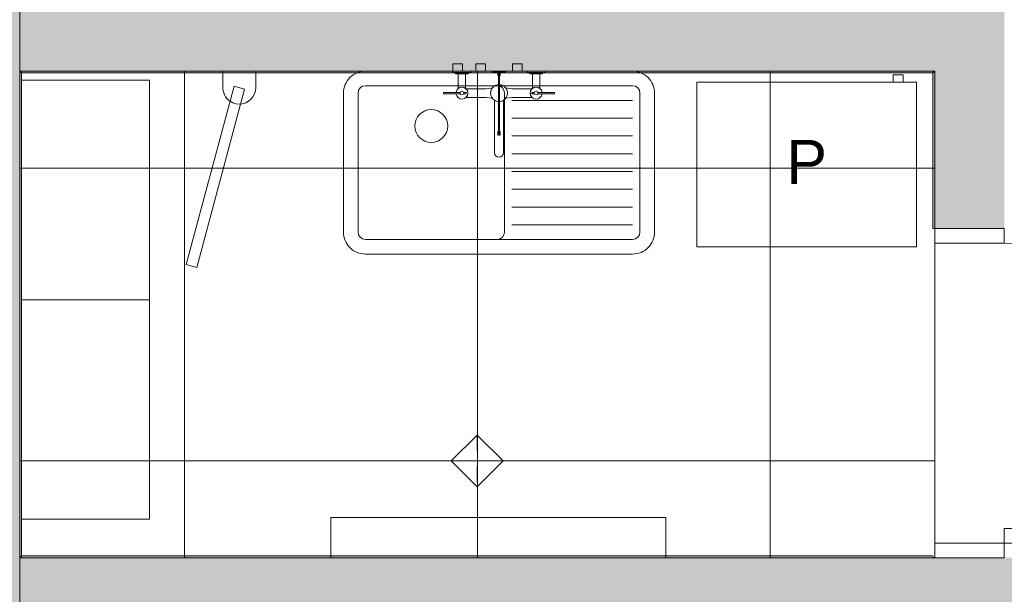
# Model space of a CAD drawing. Header units: millimetres. Extents: x -30 to 102382, y -31808 to 51594.
# Tile 37 of 172: x 35090 to 37780, y 22390 to 23961. Entities that reach past the tile are written whole.
import ezdxf
from ezdxf.enums import TextEntityAlignment as Align

# ---------------------------------------------------------------- set-up
doc = ezdxf.new("R2010")
doc.units = ezdxf.units.MM
doc.header["$MEASUREMENT"] = 0
for name, pattern in [('Dashed Small', [84.666667, 42.333333, -42.333333]), ('tl_xref_DASH_2.5-1.25', [3750, 2500, -1250]), ('Wipeout_Contour', [1000, 0, -1000])]:
    doc.linetypes.add(name, pattern=pattern)
for name, color, linetype in [('01 Nimetused_ ruumid.AR', 7, 'Continuous'), ('05 Sisesein proj.AR', 7, 'Continuous'), ('06 Põrand proj.AR', 7, 'Continuous'), ('10 Põrandakalded 2d.AR', 7, 'Continuous'), ('43 Sanitaartehnika.SA', 7, 'Continuous'), ('43 Sanitaartehnika_ aksessuaarid.SA', 7, 'Continuous'), ('44 Sisustus_ standardmööbel.SA', 7, 'Continuous'), ('47 Siseviimistlus_ põrand.SA', 7, 'Continuous'), ('47 Siseviimistlus_ sein.SA', 7, 'Continuous'), ('65 SA-VK põrandatrapid.SA', 7, 'Continuous')]:
    doc.layers.add(name, color=color, linetype=linetype)
doc.styles.add('GENERATED_STYLE_1', font='ARIALN.TTF')
doc.styles.add('GENERATED_STYLE_3', font='arial.ttf')

# ---------------------------------------------------------------- blocks, each defined once
blk = doc.blocks.new('KORISTUS_135_29_2', base_point=(36357.1, 22792.9))
at = {"layer": '01 Nimetused_ ruumid.AR', "color": 7, "linetype": 'Continuous', "lineweight": 13}
for p, q in [((36653.5, 22910.3), (36060.8, 22910.3)), ((36060.8, 22910.3), (36060.8, 22558.2)), ((36060.8, 22910.3), (36653.5, 22910.3)), ((36060.8, 22792.9), (36060.8, 22910.3)), ((36653.5, 22558.2), (36653.5, 22910.3)), ((36653.5, 22910.3), (36653.5, 22792.9)), ((36653.5, 22792.9), (36060.8, 22792.9)), ((36060.8, 22792.9), (36653.5, 22792.9)), ((36060.8, 22675.6), (36060.8, 22792.9)), ((36653.5, 22792.9), (36653.5, 22675.6)), ((36653.5, 22675.6), (36060.8, 22675.6)), ((36060.8, 22675.6), (36653.5, 22675.6)), ((36060.8, 22558.2), (36060.8, 22675.6)), ((36653.5, 22675.6), (36653.5, 22558.2)), ((36060.8, 22558.2), (36653.5, 22558.2)), ((36653.5, 22558.2), (36060.8, 22558.2))]:
    blk.add_line(p, q, dxfattribs=at)
at = {"layer": '01 Nimetused_ ruumid.AR', "color": 7, "lineweight": 13, "insert": (36107.7, 22646.2), "char_height": 57, "attachment_point": 1, "style": 'GENERATED_STYLE_1'}
blk.add_mtext('{\\A1;\\fArial Narrow|b0|i0|c0|p0;3,3{\\A1;\\fArial Narrow|b0|i0|c0|p0;\\H0.66000x;\\S^  ;} m{\\A1;\\fArial Narrow|b0|i0|c0|p0;\\H0.66000x;\\S2^  ;}}', dxfattribs=at)
at = {"layer": '01 Nimetused_ ruumid.AR', "color": 7, "lineweight": 13, "style": 'GENERATED_STYLE_1'}
for tag, p in [('ROOM_NAME', (36060.8, 22999.1)), ('DUMMY_849', (36445, 23015.9)), ('DUMMY_850', (36217.8, 22898.5)), ('ROOM_NUMBER', (36107.7, 22880.9)), ('floorCode', (36107.7, 22763.3)), ('stFloorCovering', (36184.7, 22763.3)), ('DUMMY_851', (36107.7, 22663.8))]:
    blk.add_attdef(tag, text='', height=57, dxfattribs=at).set_placement(p, align=Align.TOP_LEFT)
blk = doc.blocks.new('Sink Belfast 26[8]_2', base_point=(35974.5, 23320))
at = {"layer": '43 Sanitaartehnika.SA', "color": 7, "linetype": 'Continuous', "lineweight": 20}
for p, q in [((36034.5, 23780), (36214.5, 23780)), ((36214.5, 23780), (36394.5, 23780)), ((36394.5, 23780), (36764.5, 23780)), ((36014.5, 23380), (36014.5, 23760)), ((36414.5, 23760), (36414.5, 23380)), ((36784.5, 23760), (36784.5, 23380)), ((36434.5, 23740), (36764.5, 23740)), ((36434.5, 23691.4), (36764.5, 23691.4)), ((36434.5, 23642.9), (36764.5, 23642.9)), ((36434.5, 23594.3), (36764.5, 23594.3)), ((36434.5, 23545.7), (36764.5, 23545.7)), ((36434.5, 23497.1), (36764.5, 23497.1)), ((36434.5, 23448.6), (36764.5, 23448.6)), ((36434.5, 23400), (36764.5, 23400)), ((36394.5, 23360), (36034.5, 23360)), ((36764.5, 23360), (36394.5, 23360))]:
    blk.add_line(p, q, dxfattribs=at)
at = {"layer": '43 Sanitaartehnika.SA', "color": 7, "linetype": 'Continuous', "lineweight": 20, "flags": 128}
for points in [[(36336, 23820), (36363, 23820), (36363, 23840), (36336, 23840)], [(36436, 23820), (36463, 23820), (36463, 23840), (36436, 23840)]]:
    blk.add_lwpolyline(points, close=True, dxfattribs=at)
blk.add_lwpolyline([(36399.5, 23820), (36764.5, 23820, -0.414214), (36824.5, 23760), (36824.5, 23380, -0.414214), (36764.5, 23320), (36034.5, 23320, -0.414214), (35974.5, 23380), (35974.5, 23760, -0.414214), (36034.5, 23820)], format="xyb", close=True, dxfattribs=at)
at = {"layer": '43 Sanitaartehnika.SA', "color": 7, "linetype": 'Continuous', "lineweight": 20}
blk.add_circle((36214.5, 23670), 45, dxfattribs=at)
for centre, start, end in [((36034.5, 23760), 90, 180), ((36394.5, 23760), 0, 90), ((36764.5, 23760), 0, 90), ((36034.5, 23380), 180, 270), ((36394.5, 23380), 270, 0), ((36764.5, 23380), 270, 0)]:
    blk.add_arc(centre, 20, start, end, dxfattribs=at)
blk = doc.blocks.new('Washer 26[9]_2', base_point=(37239.9, 23790))
at = {"layer": '43 Sanitaartehnika.SA', "color": 7, "linetype": 'Continuous', "lineweight": 20, "flags": 128}
for points in [[(37503.4, 23790), (37476.4, 23790), (37476.4, 23810), (37503.4, 23810)], [(37503.4, 23790), (37476.4, 23790), (37476.4, 23810), (37503.4, 23810)], [(37539.9, 23790), (37539.9, 23340), (36939.9, 23340), (36939.9, 23790)]]:
    blk.add_lwpolyline(points, close=True, dxfattribs=at)
at = {"layer": '43 Sanitaartehnika.SA', "color": 8, "lineweight": 13, "style": 'GENERATED_STYLE_3'}
blk.add_attdef('stDisplayText', text='', height=120, dxfattribs=at).set_placement((37239.9, 23571.9), align=Align.MIDDLE_CENTER)
blk = doc.blocks.new('Door 26')
at = {"layer": '05 Sisesein proj.AR', "color": 7, "linetype": 'Continuous', "lineweight": 13}
for p, q in [((370, 0), (370, 820)), ((370, 820), (410, 820)), ((410, 820), (410, 0)), ((-410, 0), (-450, 0)), ((-450, 0), (-450, -190)), ((-450, 0), (-450, -190)), ((-450, 0), (-450, -190)), ((-410, -190), (-410, 0)), ((410, 0), (370, 0)), ((450, 0), (410, 0)), ((410, 0), (410, -190)), ((450, -190), (450, 0)), ((450, 0), (450, -190)), ((450, 0), (450, -190)), ((-450, -190), (-410, -190)), ((410, -190), (450, -190))]:
    blk.add_line(p, q, dxfattribs=at)
blk.add_arc((410, 0), 820, 90, 180, dxfattribs=at)
blk = doc.blocks.new('Simple Door Opening_11')
at = {"layer": '47 Siseviimistlus_ sein.SA', "color": 7, "linetype": 'Continuous', "lineweight": 13}
for p, q in [((-450, 0), (-450, 5)), ((450, 0), (450, 5))]:
    blk.add_line(p, q, dxfattribs=at)
blk = doc.blocks.new('Bookshelf 02 26[328]_2', base_point=(35445, 23795))
at = {"layer": '44 Sisustus_ standardmööbel.SA', "color": 7, "linetype": 'Continuous', "lineweight": 20}
blk.add_line((35445, 23195), (35095, 23195), dxfattribs=at)
at = {"layer": '44 Sisustus_ standardmööbel.SA', "color": 7, "linetype": 'Continuous', "lineweight": 20, "flags": 128}
blk.add_lwpolyline([(35445, 23795), (35445, 22595), (35095, 22595), (35095, 23795)], close=True, dxfattribs=at)
blk = doc.blocks.new('Towel Rack 26')
at = {"layer": '43 Sanitaartehnika_ aksessuaarid.SA', "color": 8, "linetype": 'Continuous', "lineweight": 13, "flags": 128}
blk.add_lwpolyline([(-45, 0), (-45, -45, 1), (45, -45), (45, 0)], format="xyb", close=True, dxfattribs=at)
blk.add_lwpolyline([(-14.5, -41.1), (-145.2, -528.9), (-116.2, -536.7), (14.5, -48.9)], close=True, dxfattribs=at)
blk = doc.blocks.new('Cube 26')
at = {"layer": '43 Sanitaartehnika_ aksessuaarid.SA', "color": 8, "linetype": 'Continuous', "lineweight": 13, "flags": 128}
blk.add_lwpolyline([(110, 915), (0, 915), (0, 0), (110, 0)], close=True, dxfattribs=at)
blk = doc.blocks.new('Wall Mounted Tap 26[667]_2', base_point=(36399.5, 23820))
at = {"layer": '43 Sanitaartehnika.SA', "color": 7, "linetype": 'Continuous', "lineweight": 20}
for p, q in [((36315.5, 23816.5), (36280.5, 23816.5)), ((36288, 23813), (36308, 23813)), ((36396.5, 23818), (36402.5, 23818)), ((36398.5, 23808), (36398.5, 23818)), ((36400.5, 23816.5), (36398.5, 23816.5)), ((36400.5, 23809.5), (36398.5, 23809.5)), ((36400.5, 23808), (36400.5, 23818)), ((36483.5, 23816.5), (36518.5, 23816.5)), ((36511, 23813), (36491, 23813)), ((36398.5, 23647.9), (36398.5, 23783)), ((36400.5, 23783), (36400.5, 23647.9)), ((36281.9, 23762), (36293.5, 23762)), ((36281.9, 23758), (36293.5, 23758)), ((36302.6, 23762), (36310, 23762)), ((36302.6, 23758), (36310, 23758)), ((36310, 23758), (36310, 23762)), ((36496.5, 23762), (36489, 23762)), ((36489, 23758), (36489, 23762)), ((36496.5, 23758), (36489, 23758)), ((36517.2, 23762), (36505.6, 23762)), ((36517.2, 23758), (36505.6, 23758)), ((36398.5, 23655), (36396.5, 23655)), ((36396.5, 23655), (36396.5, 23645)), ((36396.5, 23645), (36398.5, 23645)), ((36398.5, 23645), (36398.5, 23647.9)), ((36400.5, 23646.5), (36398.5, 23646.5)), ((36400.5, 23655), (36402.5, 23655)), ((36400.5, 23645), (36400.5, 23647.9)), ((36402.5, 23645), (36400.5, 23645)), ((36402.5, 23655), (36402.5, 23645))]:
    blk.add_line(p, q, dxfattribs=at)
at = {"layer": '43 Sanitaartehnika.SA', "color": 7, "linetype": 'Continuous', "lineweight": 20, "flags": 128}
blk.add_lwpolyline([(36300, 23820), (36273, 23820), (36273, 23840), (36300, 23840)], close=True, dxfattribs=at)
blk.add_lwpolyline([(36300, 23820), (36273, 23820), (36273, 23840), (36300, 23840)], close=True, dxfattribs=at)
for points in [[(36273, 23820), (36273, 23816.5), (36280.5, 23816.5), (36280.5, 23813), (36288, 23813), (36288, 23772.9, -0.342794), (36308, 23772.9), (36308, 23813), (36315.5, 23813), (36315.5, 23816.5), (36323, 23816.5), (36323, 23820)], [(36400.5, 23783, -0.74036), (36411.5, 23740.4), (36411.5, 23597, -1), (36387.5, 23597), (36387.5, 23740.4, -0.74036), (36398.5, 23783), (36398.5, 23808), (36396.5, 23808), (36396.5, 23818), (36381.5, 23818), (36381.5, 23820), (36417.5, 23820), (36417.5, 23818), (36402.5, 23818), (36402.5, 23808), (36400.5, 23808)], [(36526, 23820), (36526, 23816.5), (36518.5, 23816.5), (36518.5, 23813), (36511, 23813), (36511, 23772.9, 0.342794), (36491, 23772.9), (36491, 23813), (36483.5, 23813), (36483.5, 23816.5), (36476, 23816.5), (36476, 23820)], [(36248, 23758), (36281.9, 23758, 16.238418), (36281.9, 23762), (36248, 23762)], [(36364.5, 23748), (36381.5, 23745.7, -0.347436), (36381.5, 23774.3), (36364.5, 23772), (36309.1, 23772, -0.439057), (36309.1, 23748)], [(36434.5, 23748), (36417.6, 23745.7, 0.347436), (36417.6, 23774.3), (36434.5, 23772), (36490, 23772, 0.439057), (36490, 23748)], [(36551, 23758), (36517.2, 23758, -16.238418), (36517.2, 23762), (36551, 23762)]]:
    blk.add_lwpolyline(points, format="xyb", close=True, dxfattribs=at)
at = {"layer": '43 Sanitaartehnika.SA', "color": 7, "linetype": 'Continuous', "lineweight": 20}
for centre in [(36298, 23760), (36501, 23760)]:
    blk.add_circle(centre, 5, dxfattribs=at)
for start, end in [(238.551, 267.5081), (272.4919, 301.449)]:
    blk.add_arc((36399.5, 23760), 23, start, end, dxfattribs=at)

msp = doc.modelspace()

# ---------------------------------------------------------------- block references
at = {"layer": '01 Nimetused_ ruumid.AR', "color": 7, "linetype": 'Continuous', "lineweight": 20}
msp.add_blockref('KORISTUS_135_29_2', (36357.1, 22792.9), dxfattribs=at).add_auto_attribs({'ROOM_NAME': 'KORISTUS', 'ROOM_NUMBER': '135', 'floorCode': 'F: ', 'stFloorCovering': '<Floor Finish>'})

# ---------------------------------------------------------------- next in the draw order: wipeouts: each hides what was drawn before it
at = {"color": 254, "linetype": 'Wipeout_Contour', "lineweight": 0, "ltscale": 172395.667151}
msp.add_wipeout([(37590, 22490.1), (37590, 23820), (35090, 23820), (35090, 22490.1)], dxfattribs=at).dxf.layer = '47 Siseviimistlus_ põrand.SA'

# ---------------------------------------------------------------- next in the draw order: hatches: boundary and pattern name
at = {"layer": '05 Sisesein proj.AR', "linetype": 'Continuous', "lineweight": 13}
for points in [[(37590, 26310), (37590, 23390.1), (37780, 23390.1), (37780, 26310)], [(37590, 24010), (34900, 24010), (34900, 23820), (37590, 23820)], [(35090, 22490), (35090, 23820), (34900, 23820), (34900, 22490)], [(35090, 22490), (34900, 22490), (35090, 22300)], [(35090, 22300), (39810, 22300), (39810, 22490), (35090, 22490)], [(37590, 22490), (37780, 22490), (37780, 22490.1), (37590, 22490.1)]]:
    msp.add_hatch(color=252, dxfattribs=at).paths.add_polyline_path(points)
at = {"layer": '47 Siseviimistlus_ põrand.SA', "linetype": 'Continuous', "lineweight": 13}
h = msp.add_hatch(dxfattribs=at)
h.set_pattern_fill('80_Siseviim__ker_plaat_5_08', color=253, style=0, pattern_type=2)
h.set_pattern_definition([(90, (36339.94, 22754.4), (-800, 0), []), (180, (36339.94, 22754.4), (0, 800), [])])
h.paths.add_polyline_path([(37590, 22490.1), (37590, 23820), (35090, 23820), (35090, 22490.1)])
at = {"layer": '47 Siseviimistlus_ sein.SA', "linetype": 'Continuous', "lineweight": 13}
for points in [[(35090, 23815), (35095, 23815), (35090, 23820)], [(35090, 23820), (35095, 23815), (35095, 23820)], [(35090, 23815), (35090, 22495), (35095, 22495), (35095, 23815)], [(37585, 23820), (35095, 23820), (35095, 23815), (37585, 23815)], [(37585, 23815), (37590, 23815), (37590, 23820)], [(37585, 23820), (37585, 23815), (37590, 23820)], [(37590, 23815), (37585, 23815), (37585, 23390.1), (37590, 23390.1)], [(35095, 22495), (35090, 22490), (35095, 22490)], [(35095, 22495), (35090, 22495), (35090, 22490)], [(35095, 22490), (37585, 22490), (37585, 22495), (35095, 22495)], [(37585, 22495), (37585, 22490), (37590, 22490)], [(37590, 22490.1), (37589.9, 22490.1), (37590, 22490)]]:
    msp.add_hatch(color=252, dxfattribs=at).paths.add_polyline_path(points)

# ---------------------------------------------------------------- next in the draw order: linework, layer by layer
at = {"layer": '05 Sisesein proj.AR', "color": 7, "linetype": 'Continuous', "lineweight": 20}
for p, q in [((37780, 23390.1), (37590, 23390.1)), ((37780, 22490.1), (37590, 22490.1))]:
    msp.add_line(p, q, dxfattribs=at)
at = {"layer": '05 Sisesein proj.AR', "color": 7, "linetype": 'Continuous', "lineweight": 20, "flags": 128}
for points in [[(35090, 23820), (37590, 23820)], [(35090, 22490), (35090, 23820)], [(37590, 23820), (37590, 23390.1)], [(37590, 22490), (35090, 22490)], [(37590, 22490.1), (37590, 22490)]]:
    msp.add_lwpolyline(points, dxfattribs=at)
at = {"layer": '06 Põrand proj.AR', "color": 7, "linetype": 'Continuous', "lineweight": 20, "flags": 128}
msp.add_lwpolyline([(35090, 26310), (35090, 20080), (39810, 20080), (39810, 26310)], close=True, dxfattribs=at)
at = {"layer": '10 Põrandakalded 2d.AR', "color": 8, "linetype": 'Dashed Small', "lineweight": 13}
for p, q in [((36339.9, 22825.1), (36339.9, 22683.7)), ((36269.2, 22754.4), (36410.7, 22754.4))]:
    msp.add_line(p, q, dxfattribs=at)
at = {"layer": '47 Siseviimistlus_ põrand.SA', "color": 253, "linetype": 'tl_xref_DASH_2.5-1.25', "lineweight": 13, "flags": 128}
msp.add_lwpolyline([(37590, 22490.1), (37590, 23820), (35090, 23820), (35090, 22490.1)], close=True, dxfattribs=at)
at = {"layer": '47 Siseviimistlus_ sein.SA', "color": 7, "linetype": 'Continuous', "lineweight": 20}
for p, q in [((37590, 23390.1), (37585, 23390.1)), ((37590, 22490.1), (37585, 22490.1))]:
    msp.add_line(p, q, dxfattribs=at)
at = {"layer": '47 Siseviimistlus_ sein.SA', "color": 7, "linetype": 'Continuous', "lineweight": 20, "flags": 128}
for points in [[(35090, 23820), (35090, 23815)], [(37590, 23820), (35090, 23820)], [(35090, 23815), (35090, 22490)], [(35095, 23815), (37585, 23815)], [(35095, 22495), (35095, 23815)], [(37585, 23815), (37585, 23390.1)], [(37590, 23820), (37590, 23815)], [(37590, 23390.1), (37590, 23815)], [(35090, 22490), (35095, 22490)], [(37585, 22495), (35095, 22495)], [(35095, 22490), (37590, 22490)]]:
    msp.add_lwpolyline(points, dxfattribs=at)
at = {"layer": '65 SA-VK põrandatrapid.SA', "color": 214, "linetype": 'tl_xref_DASH_2.5-1.25', "lineweight": 13, "flags": 128}
msp.add_lwpolyline([(36410.7, 22754.4), (36339.9, 22683.7), (36269.2, 22754.4), (36339.9, 22825.1)], close=True, dxfattribs=at)

# ---------------------------------------------------------------- next in the draw order: block references
at = {"layer": '05 Sisesein proj.AR', "color": 7, "linetype": 'Continuous', "lineweight": 13, "zscale": 1000, "rotation": 270}
msp.add_blockref('Door 26', (37780, 22940.1), dxfattribs=at)
at = {"layer": '43 Sanitaartehnika.SA', "color": 7, "linetype": 'Continuous', "lineweight": 20}
for name, p in [('Sink Belfast 26[8]_2', (35974.5, 23320)), ('Wall Mounted Tap 26[667]_2', (36399.5, 23820))]:
    msp.add_blockref(name, p, dxfattribs=at)
msp.add_blockref('Washer 26[9]_2', (37239.9, 23790), dxfattribs=at).add_auto_attribs({'stDisplayText': 'P'})
at = {"layer": '43 Sanitaartehnika_ aksessuaarid.SA', "color": 8, "linetype": 'Continuous', "lineweight": 13, "zscale": 1000}
msp.add_blockref('Towel Rack 26', (35690, 23820), dxfattribs=at)
at = {"layer": '43 Sanitaartehnika_ aksessuaarid.SA', "color": 134, "linetype": 'Continuous', "lineweight": 13, "zscale": 1000, "rotation": 270}
msp.add_blockref('Cube 26', (35940, 22600), dxfattribs=at)
at = {"layer": '44 Sisustus_ standardmööbel.SA', "color": 7, "linetype": 'Continuous', "lineweight": 20}
msp.add_blockref('Bookshelf 02 26[328]_2', (35445, 23795), dxfattribs=at)
at = {"layer": '47 Siseviimistlus_ sein.SA', "color": 7, "linetype": 'Continuous', "lineweight": 13, "xscale": -1, "zscale": 1000, "rotation": 90}
msp.add_blockref('Simple Door Opening_11', (37590, 22940.1), dxfattribs=at)

doc.saveas('drawing.dxf')

◇ ◇ ◇ ◇ ◇

● Your objective: For this exercise, work out how many lines in the material include "ruumid", and give only the number.

● Exercise answer: 5